Notice the context.schedule() call. This is a powerful feature allowing you to execute code periodically, based on time. This is useful for flushing aggregated data, performing cleanup, or implementing time-based logic that doesn’t directly map to tumbling or sliding windows in the DSL.
The most surprising thing about the Processor API is how it blurs the lines between a simple Processor and a KStream’s processing logic. While you can define a standalone Processor and link it, the KStream.process() method is often how you’ll integrate a custom Processor into a larger topology, especially when you need to access state stores.
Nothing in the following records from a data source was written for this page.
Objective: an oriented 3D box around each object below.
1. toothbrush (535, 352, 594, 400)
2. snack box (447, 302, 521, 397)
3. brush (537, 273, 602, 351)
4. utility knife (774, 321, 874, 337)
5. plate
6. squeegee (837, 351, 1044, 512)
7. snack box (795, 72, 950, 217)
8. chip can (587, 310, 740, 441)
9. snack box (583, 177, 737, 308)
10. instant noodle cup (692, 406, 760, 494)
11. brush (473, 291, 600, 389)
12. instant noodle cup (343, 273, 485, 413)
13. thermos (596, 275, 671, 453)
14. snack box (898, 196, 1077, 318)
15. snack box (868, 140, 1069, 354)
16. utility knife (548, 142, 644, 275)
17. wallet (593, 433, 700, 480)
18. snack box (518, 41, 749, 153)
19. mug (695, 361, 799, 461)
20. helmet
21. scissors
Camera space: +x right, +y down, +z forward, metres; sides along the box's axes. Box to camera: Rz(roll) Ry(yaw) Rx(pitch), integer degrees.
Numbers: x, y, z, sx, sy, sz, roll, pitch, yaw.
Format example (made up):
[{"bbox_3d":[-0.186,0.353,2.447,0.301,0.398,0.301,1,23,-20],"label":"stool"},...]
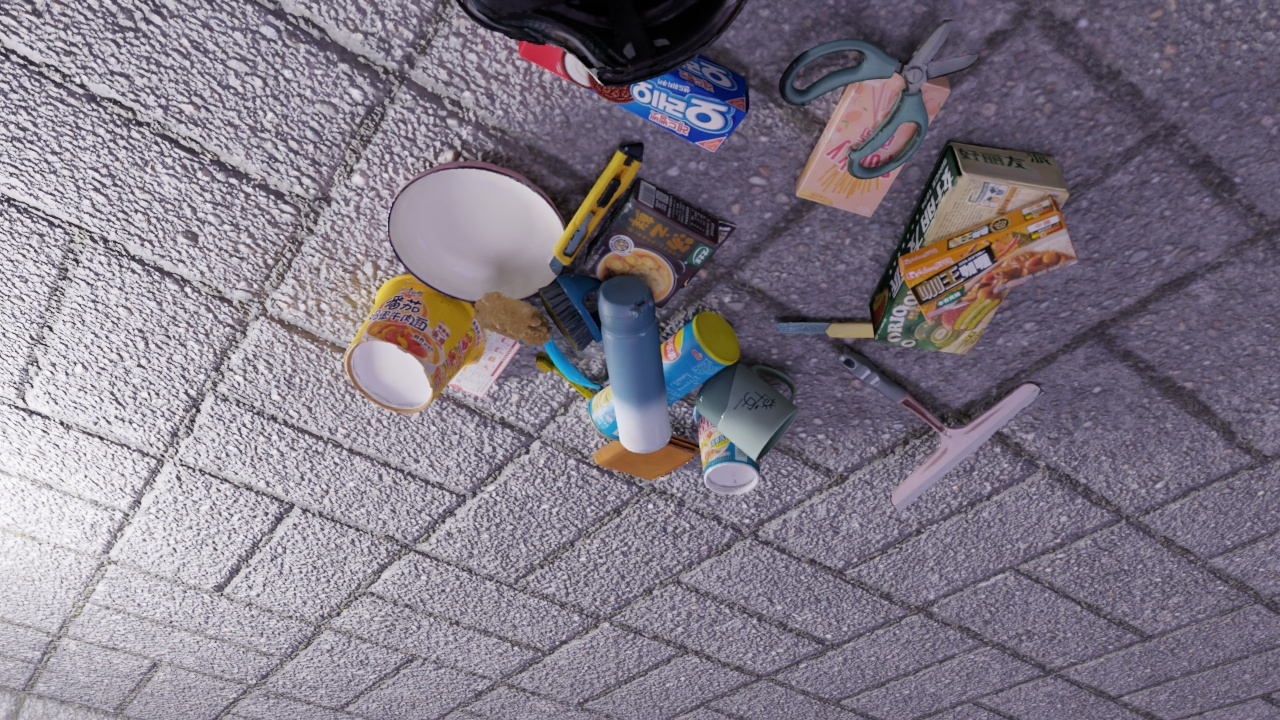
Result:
[{"bbox_3d":[-0.070,0.047,1.201,0.016,0.016,0.190,-26,131,30],"label":"toothbrush"},{"bbox_3d":[-0.197,-0.016,1.130,0.077,0.027,0.156,23,135,-21],"label":"snack box"},{"bbox_3d":[-0.065,-0.058,1.033,0.073,0.055,0.144,-33,160,-3],"label":"brush"},{"bbox_3d":[0.264,-0.036,1.084,0.212,0.022,0.031,-3,138,-3],"label":"utility knife"},{"bbox_3d":[-0.170,-0.139,0.979,0.192,0.039,0.193,2,139,1],"label":"plate"},{"bbox_3d":[0.335,0.051,1.165,0.249,0.040,0.248,34,115,-23],"label":"squeegee"},{"bbox_3d":[0.219,-0.212,0.882,0.084,0.026,0.158,13,137,-10],"label":"snack box"},{"bbox_3d":[0.025,0.022,1.128,0.071,0.071,0.211,30,133,-27],"label":"chip can"},{"bbox_3d":[0.021,-0.121,0.985,0.125,0.053,0.114,26,134,-17],"label":"snack box"},{"bbox_3d":[0.118,0.111,1.192,0.099,0.109,0.099,2,138,1],"label":"instant noodle cup"},{"bbox_3d":[-0.109,-0.013,1.077,0.083,0.045,0.254,13,163,27],"label":"brush"},{"bbox_3d":[-0.264,-0.014,1.051,0.138,0.109,0.138,10,131,11],"label":"instant noodle cup"},{"bbox_3d":[-0.006,0.006,1.030,0.070,0.070,0.221,-3,130,7],"label":"thermos"},{"bbox_3d":[0.342,-0.099,0.906,0.154,0.026,0.075,-22,132,24],"label":"snack box"},{"bbox_3d":[0.335,-0.110,0.964,0.114,0.063,0.241,7,139,-4],"label":"snack box"},{"bbox_3d":[-0.047,-0.152,0.938,0.033,0.015,0.171,14,123,-40],"label":"utility knife"},{"bbox_3d":[0.011,0.128,1.263,0.107,0.031,0.132,20,150,-22],"label":"wallet"},{"bbox_3d":[-0.002,-0.261,0.817,0.207,0.057,0.058,21,138,-20],"label":"snack box"},{"bbox_3d":[0.137,0.050,1.131,0.106,0.111,0.082,40,158,18],"label":"mug"},{"bbox_3d":[-0.034,-0.345,0.651,0.274,0.156,0.231,28,136,-11],"label":"helmet"},{"bbox_3d":[0.200,-0.240,0.817,0.181,0.019,0.171,16,138,-12],"label":"scissors"}]

Here’s the topology in action. Imagine you have Kafka running and a topic named clicks. You’d produce messages like this (using kafka-console-producer or a client library):
kafka-console-producer --broker-list localhost:9092 --topic clicks --property "value.separator= "
{"user_id": "userA", "category": "electronics", "timestamp": 1678886400000}
{"user_id": "userB", "category": "books", "timestamp": 1678886401000}
{"user_id": "userA", "category": "electronics", "timestamp": 1678886402000}
{"user_id": "userA", "category": "clothing", "timestamp": 1678886403000}
{"user_id": "userA", "category": "electronics", "timestamp": 1678886404000}
When you run the Java application and produce these messages, you’ll see output like this in your application logs:
Processed click for user: userA, New count: 1
Processed click for user: userA, New count: 2
Processed click for user: userA, New count: 3
Punctuation triggered at: 1678886400000
User: userA, Count: 3
The Punctuation triggered message appears every minute due to context.schedule(java.time.Duration.ofMinutes(1), ...). This allows you to inspect or act upon the state at regular intervals. If you were to stop and restart the application, the state would be restored from the changelog topic, and counts would continue from where they left off.
The Processor API is your escape hatch when the DSL becomes too restrictive. It’s also the foundation upon which the DSL itself is built. Understanding it gives you the power to implement virtually any stream processing logic. The KeyValueStore is just one type of state store; Kafka Streams supports WindowStore and TimestampStore as well, enabling more complex time-series processing.
When you have very high throughput and need to explicitly control how records are distributed to your processors for parallelization, you’ll often use KStream.process(ProcessorSupplier, storeNames) on multiple branches of your topology, each potentially consuming from different partitions or having its own dedicated set of state stores.